ROMA – Regione Lombardia e vitalizio dei consiglieri: domenica 21 ottobre è stato “il giorno in cui la politica ha perso il pudore”. E’ la sintesi di un moto di protesta spontaneo sulla rete, un sentimento anti-privilegi forse un po’ confuso ma autentico: cari consiglieri, dimettetevi quando vi pare ma rinunciate all’iniquo diritto al vitalizio maturato appunto ieri, al compimento dei 30 mesi di legislatura. Cioè un assegno a vita a partire da un minimo di 1.300 euro mensili dai 60 anni di età, per chi verserà circa 2 mila euro fino a fine legislatura. Con una spesa globale delle casse regionali di circa 6 milioni l’anno.
Ora, nessuno sa se il 25 ottobre il consiglio regionale lombardo si scioglierà come annunciato il 25 ottobre, nessuno può prevedere se Pdl e Lega rispetteranno l’impegno assunto, non si conosce il destino delle lettere in bianco che anche Nicole Minetti insieme ai suoi colleghi consiglieri del Pdl avrebbero messo nelle mani del capogruppo Paolo Valentini.

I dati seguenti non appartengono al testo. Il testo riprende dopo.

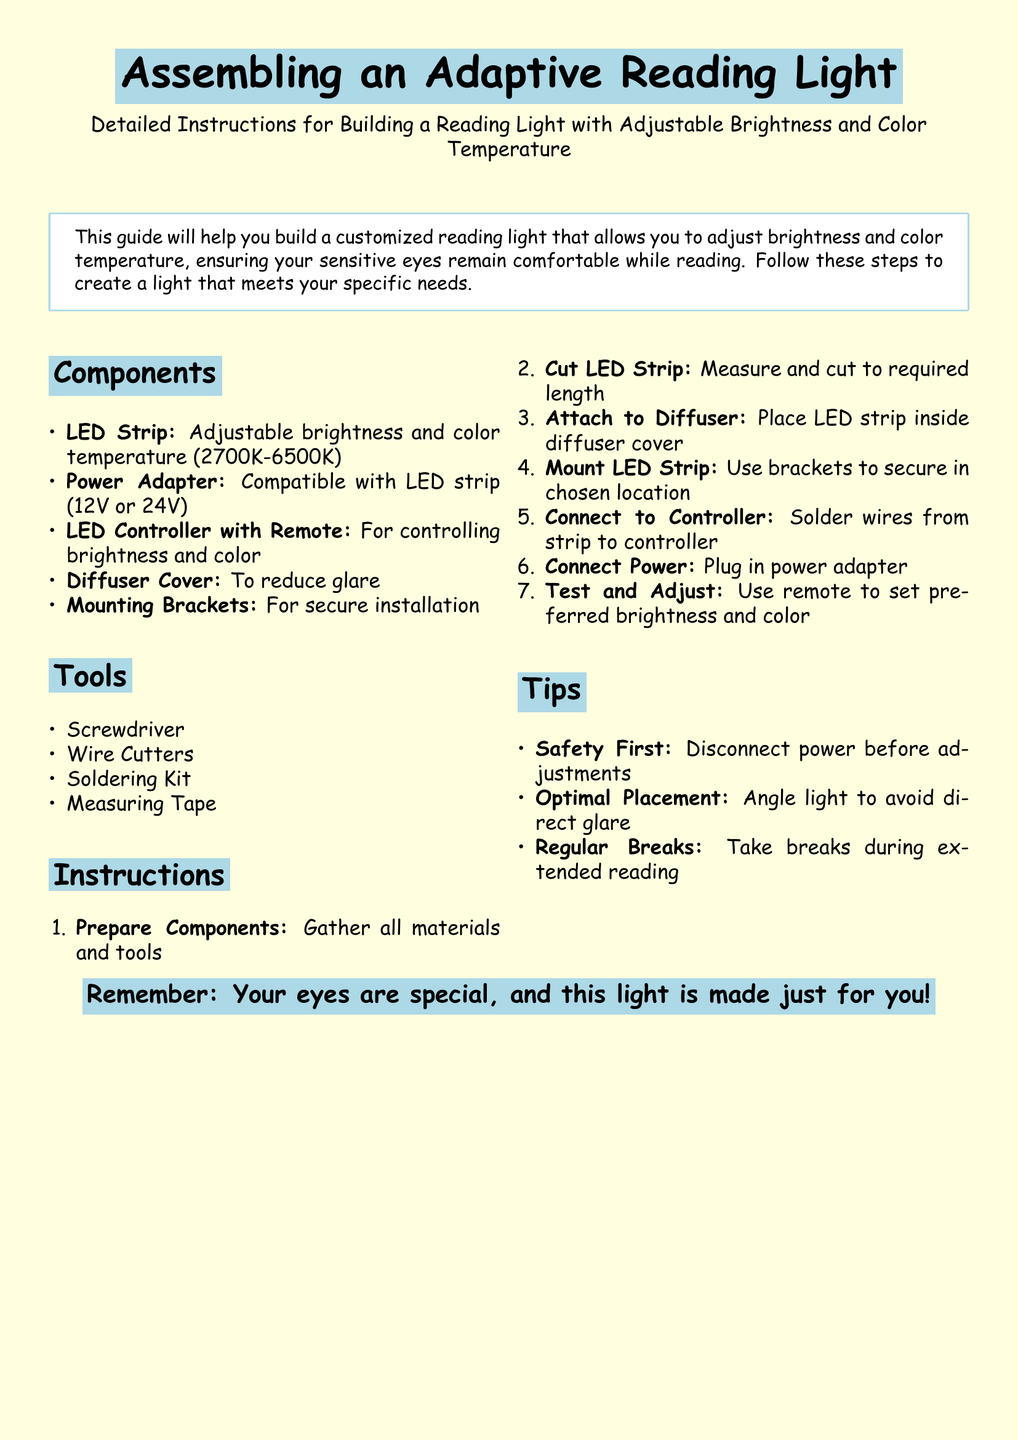what is the color temperature range of the LED strip? The LED strip has an adjustable color temperature ranging from 2700K to 6500K.
Answer: 2700K-6500K what tool is needed to cut wires? The document lists wire cutters as a necessary tool for the assembly.
Answer: Wire Cutters how many components are listed in the assembly instructions? There are five components listed under the "Components" section of the document.
Answer: Five what is the first step in the assembly instructions? The first step is to gather all materials and tools needed for assembly.
Answer: Prepare Components which item is used to reduce glare? The diffuser cover is specifically mentioned to reduce glare when using the reading light.
Answer: Diffuser Cover what is the purpose of the LED controller? The LED controller is used for controlling the brightness and color of the light.
Answer: Controlling brightness and color how should the light be positioned for optimal use? The instructions suggest angling the light to avoid direct glare when reading.
Answer: Angle light to avoid glare what should you do before making adjustments? It is advised to disconnect power before making any adjustments to ensure safety.
Answer: Disconnect power

Tutti, nel senso dell’opinione pubblica indignata dagli scandali e dai privilegi di casta, esigono invece un soprassalto di moralità e buon senso da quei consiglieri, a prescindere dai cosiddetti diritti acquisiti, in sintonia per una volta con ciò che la gente si aspetta. Prima dei codici, delle esatte interpretazioni della legge, del compimento dell’iter parlamentare.
Sì perché il taglio dei vitalizi è una mezza verità, nel senso che il decreto anti Batman governativo del 10 ottobre in merito deve attendere 60 giorni per la sua definizione in Parlamento, prima che di essere recepito dalla Regione Lombardia. Il decreto taglia spese prevede la cancellazione del vitalizio per chi non ha alle spalle almeno 10 anni di legislatura. La norma prevede l’innalzamento dei tempi (da 30 mesi di legislatura a 10 anni, appunto) e l’innalzamento da 60 a 66 per la sua riscossione: se passa i consiglieri potranno farsi liquidare solo i contributi versati.
In questo momento vale la legge del governo, ma il suo effetto è provvisorio, proprio perché se verrà modificato o si perderà nell’iter parlamentare fra due mesi potrebbe non essere più valido. Ai consiglieri regionali si chiede appunto uno scatto d’orgoglio, una iniziativa comune e bipartisan per impegnarsi veramente a rinunciare al vitalizio magari destinando la parte chiaramente privilegiata a fondi di solidarietà di qualche tipo. In realtà i consiglieri potrebbero ancora ricorrere al Tar anche perché, senza esplicite modifiche del Titolo V della Costituzione, la norma del governo legifera in una materia di pertinenza regionale. Gli stessi consiglieri regionali dovrebbero avere il coraggio di smentire se stessi e la loro incapacità di auto riformarsi, visto che il primo tentativo di metter fine ai vitalizi in Regione è stato sì approvato, ma a partire dalla prossima legislatura.